Inhibition of mast cell‐associated inflammation could be accomplished with natural molecules, especially the polyphenolic flavonoids.23 The flavone luteolin (not lutein, which is a carotenoid) has been shown to have broad antiviral properties.24-26 Luteolin specifically binds to the surface spike protein of SARS‐Cov‐2 and inhibits entry of the virus into host cells.27 Furthermore, luteolin inhibits serine proteases,28 including the SARS‐CoV 3CL protease29 required for viral infectivity.

Moreover, luteolin inhibits mast cells30, 31 and has anti‐inflammatory properties.32 A novel luteolin analogue, tetramethoxyluteolin, is even more potent32 and can also inhibit secretion of the pro‐inflammatory cytokines TNF and IL‐1β,33, 34 as well as the chemokines CCL2 and CCL535 from human mast cells.

Effective ways to administer luteolin would be those that overcome the poor oral absorption of flavones,36 as in the available liposomal formulation of luteolin (e.g., PureLut), mixed in olive pomace oil that has additional anti‐inflammatory actions of its own.37 The combination (e.g., FibroProtek) of luteolin (3′, 4′, 5,7‐tetrahydroxyflavone) with the structurally related quercetin (3,3′, 4′,5,7‐pentahydroxyflavonol) would be even more potent because both luteolin and quercetin were recently identified via molecular docking software to have the best potential to act as COVID‐19 inhibitors.38, 39 Moreover, the use of the world's most powerful supercomputer SUMMIT to carry out high‐throughput screening for small molecules interacting with the human ACE₂ receptor required for SARS‐CoV‐2 binding to host cells ranked the luteolin structural analogue eriodictyol (5,7,3′,4′‐tetrahydroxyflavanone) among the best potential inhibitors of COVID‐19.40 A new dietary supplement to be available soon combines luteolin, quercetin, and eriodictyol (ViralProtek, proprietary formulation, patent pending) to achieve the maximal benefit of these flavonoids.
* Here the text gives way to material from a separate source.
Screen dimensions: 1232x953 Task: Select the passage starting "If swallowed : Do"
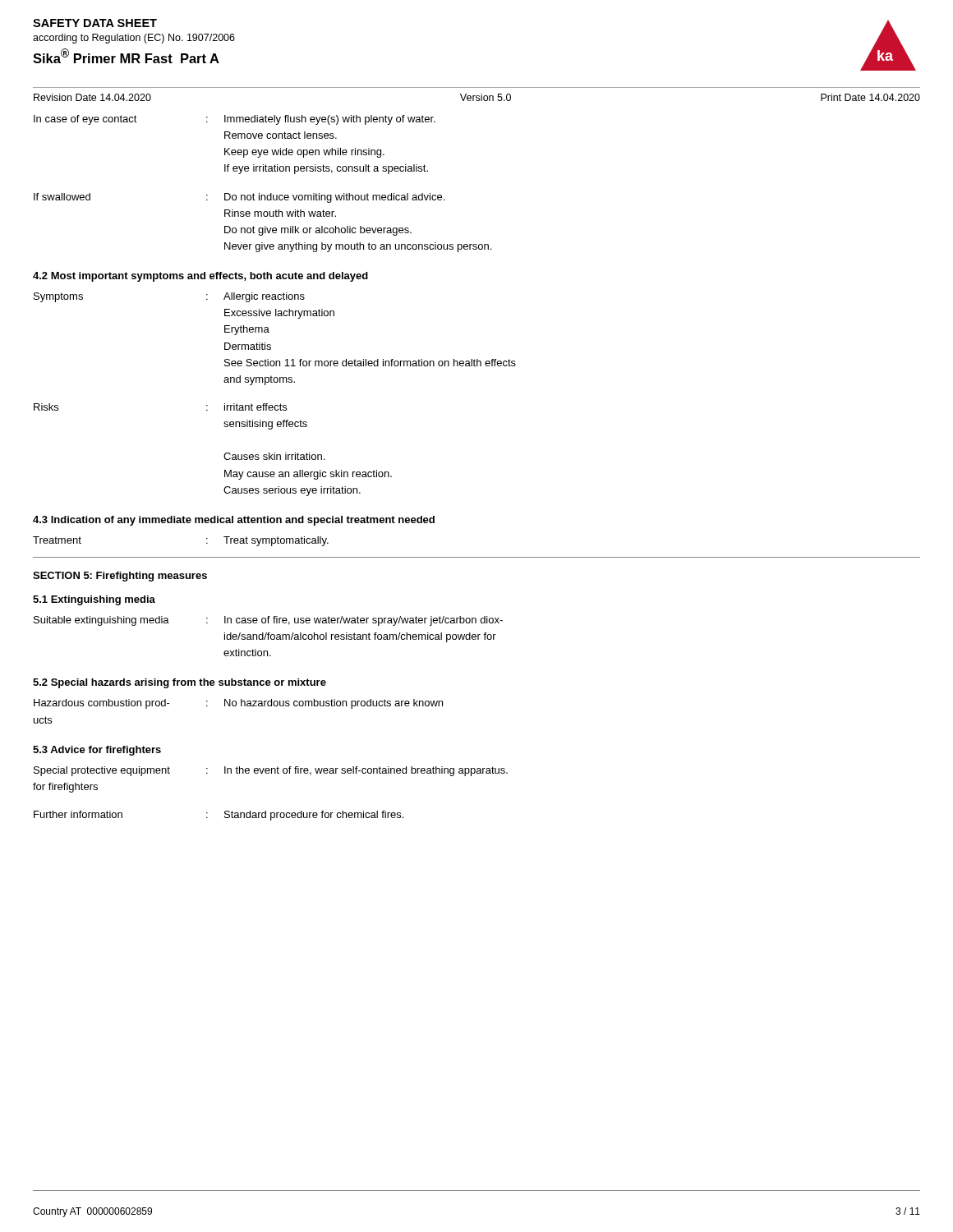pos(239,198)

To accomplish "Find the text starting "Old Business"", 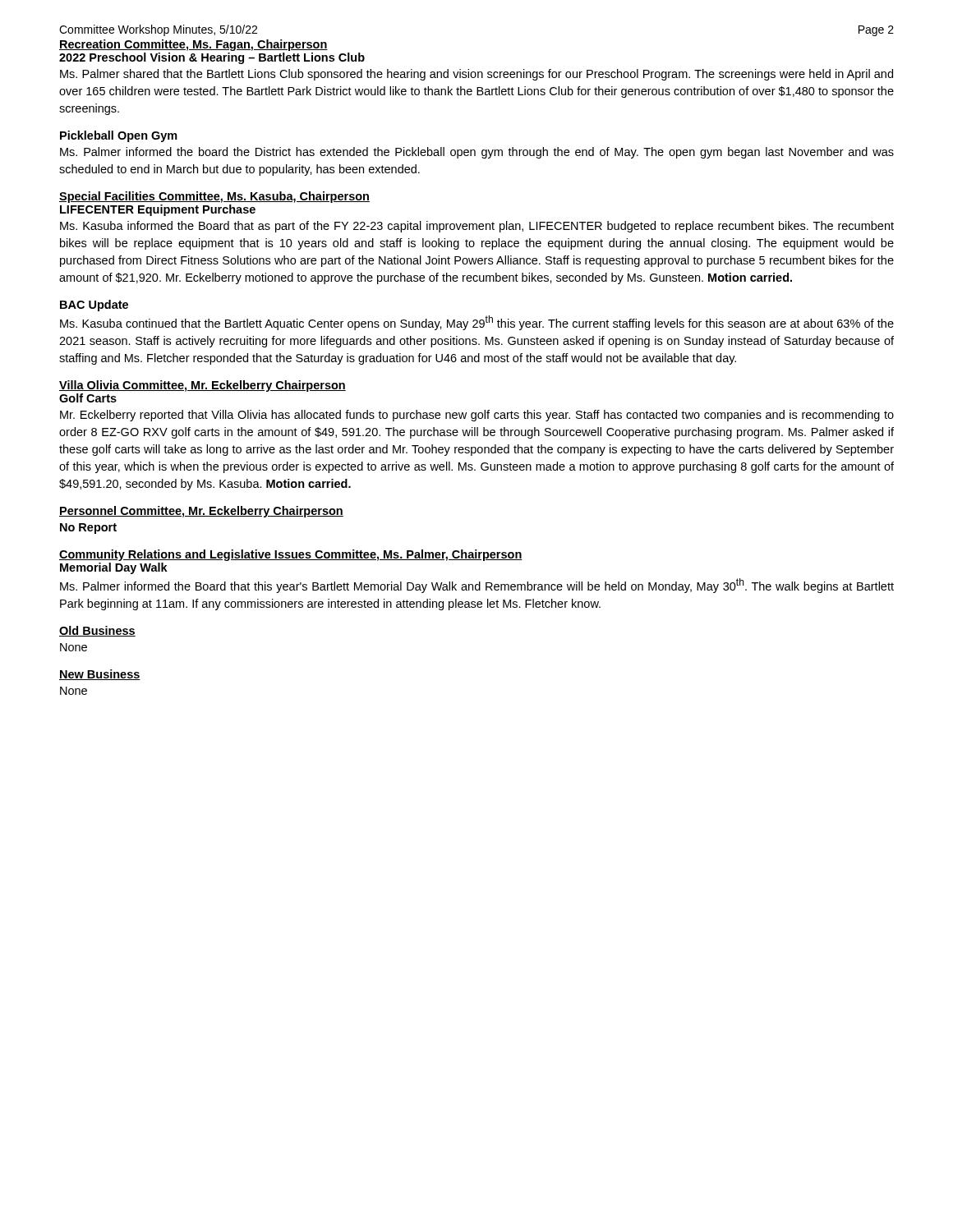I will click(x=97, y=631).

These flavonoids are generally considered safe41, 42 and can be used together with acetaminophen,43 but should not exceed a cumulative dose of 1–2 g/day because they can reduce liver metabolism.36 Although these flavonoids can be obtained from different plant sources, it is important to avoid the cheapest source of peanut shells that may affect persons allergic to peanuts, or fava beans, consumption of which could cause hemolytic anemia to Mediterranean extraction persons who lack the enzyme G₆PD. Such patients should also not be administered the antimalarial drugs chloroquine and hydroxychloroquine, which have been advocated based on anecdotal reports for the treatment of COVID‐19.44

It would be important to study the effect of SARS‐CoV‐2 directly on human mast cells and epithelial cells, as well as the effect of these flavonoids both on infectivity and on release of pro‐inflammatory molecules in vitro and in vivo.